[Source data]
━━━━

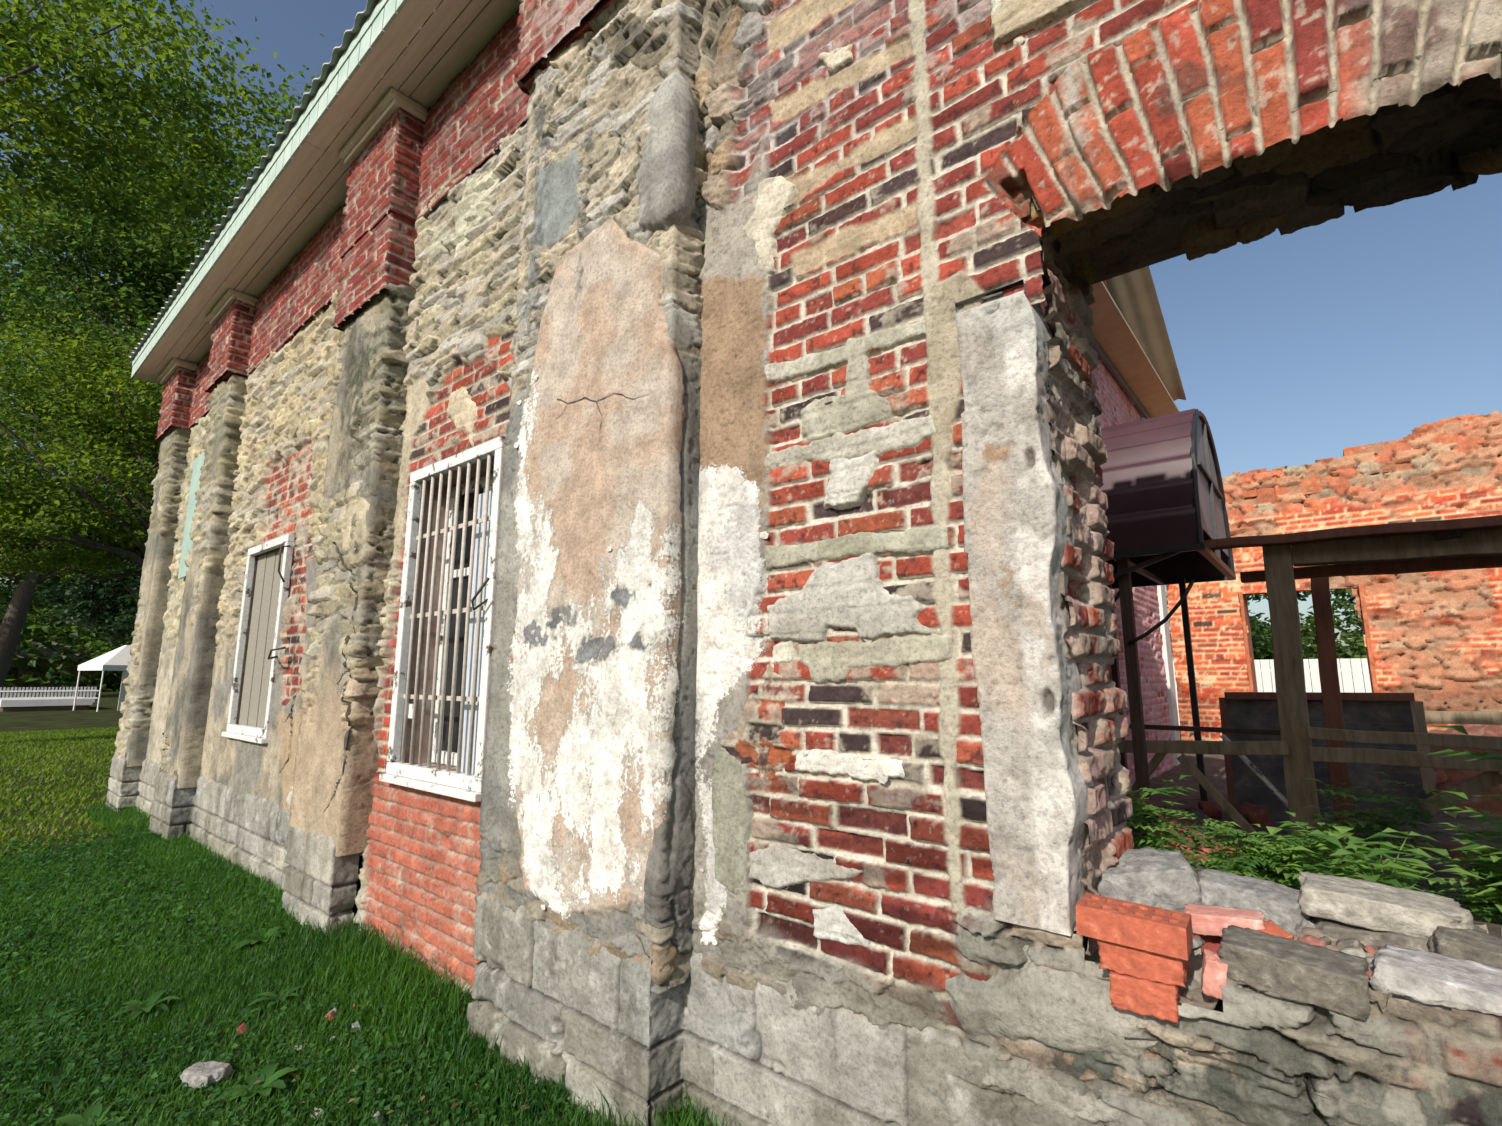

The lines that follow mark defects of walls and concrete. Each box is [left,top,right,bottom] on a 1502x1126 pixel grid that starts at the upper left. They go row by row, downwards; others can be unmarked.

crack [555,392,649,427]
crack [280,690,299,773]
crack [322,542,358,813]
flaking render [505,219,953,947]

━━━━

__Work required__.
Leave out the images and transcribe all the records exactly.

__Exercise result__.
The lines that follow mark defects of walls and concrete. Each box is [left,top,right,bottom] on a 1502x1126 pixel grid that starts at the upper left. They go row by row, downwards; others can be unmarked.

crack [555,392,649,427]
crack [280,690,299,773]
crack [322,542,358,813]
flaking render [505,219,953,947]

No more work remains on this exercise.